Does anyone have some suggestions on it?

nvidia-bug-report.log.gz (707.0 KB)

Please run nvidia-bug-report.sh as root and attach the resulting nvidia-bug-report.log.gz file to your post.

Ok, done.

[ 7146.204589] Out of memory: Killed process 13081 (python) total-vm:121117196kB, anon-rss:112920660kB, file-rss:0kB, shmem-rss:4kB, UID:1000 pgtables:223272kB oom_score_adj:0
[ 7148.376317] oom_reaper: reaped process 13081 (python), now anon-rss:0kB, file-rss:0kB, shmem-rss:4kB
[40243.967391] input: BluetoothMouse3600 Mouse as /devices/virtual/misc/uhid/0005:045E:0916.0006/input/input37
[40243.967647] input: BluetoothMouse3600 Consumer Control as /devices/virtual/misc/uhid/0005:045E:0916.0006/input/input38
[40243.967741] hid-generic 0005:045E:0916.0006: input,hidraw2: BLUETOOTH HID v1.00 Mouse [BluetoothMouse3600] on 00:1a:7d:da:71:13
[41516.278956] NVRM: GPU at PCI:0000:09:00: GPU-4e7f9176-3ec2-1bd4-2049-884a136e8c82
[41516.278959] NVRM: GPU Board Serial Number:
[41516.278961] NVRM: Xid (PCI:0000:09:00): 43, pid=24693, Ch 00000018

Seems you run into multiple out of memory conditions, and immediately after a Xid 43 is thrown.
https://docs.nvidia.com/deploy/xid-errors/index.html
Not more info according in above doc, then “GPU stopped processing”.

No more errors, that I can see… generix might spot more.

You have an old xorg.conf on /etc/X11 laying around generated by driver 430 installation. Don’t think you need that. Might try removing it.
Also BIOS is quite old (2018), might check for an update.

Never seen an XID 43 before but according to
https://docs.nvidia.com/deploy/xid-errors/index.html#topic_5_4
it should be non-fatal (at least for the gpu/driver) which seems confirmed by the fact that nvidia-smi still reports it in a working state.
Since you’re saying “does not show up in the task manager”, I guess you’re running some application on it? Or what do you mean by that?

Hey, Mart.
I appreciate the response!
I’ve deleted the .conf file.
I don’t have a flash drive at home at the moment, I will have to wait a bit for the BIOS update.

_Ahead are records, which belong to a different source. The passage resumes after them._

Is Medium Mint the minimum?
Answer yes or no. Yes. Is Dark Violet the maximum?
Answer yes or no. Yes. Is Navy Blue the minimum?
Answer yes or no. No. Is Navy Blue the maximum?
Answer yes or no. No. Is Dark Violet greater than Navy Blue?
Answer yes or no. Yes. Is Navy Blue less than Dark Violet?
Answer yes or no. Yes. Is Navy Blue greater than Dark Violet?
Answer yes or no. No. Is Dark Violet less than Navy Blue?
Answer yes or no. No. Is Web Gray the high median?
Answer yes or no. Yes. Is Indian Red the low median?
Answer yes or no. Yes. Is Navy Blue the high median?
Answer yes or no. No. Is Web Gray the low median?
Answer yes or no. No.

In the docs it mentions that XID 43 are due to user application. It comes to mind a project that I’ve been working on these past months in which there was a memory leak. The script I ran generated many workers to do some task, some of them used the GPU. The memory leak would eventually cause the PC to freeze, momentarily, and the application to crash.
Poor wording. I was referring to the system management interface (i.e. the card does not display in the nvidia-smi in the terminal).
The card is working seemingly normal right now. It wasn’t a couple of days ago. I ‘fixed’ simply by rebooting the PC. But, this is odd. This periodical failure has been recurring for the last few months.

I guess the XID in the logs has nothing to do with the issue you’re facing. Please create a new nvidia-bug-report.log the next time you’re running into it.

Ok, I’ll try to reproduce the error and post back.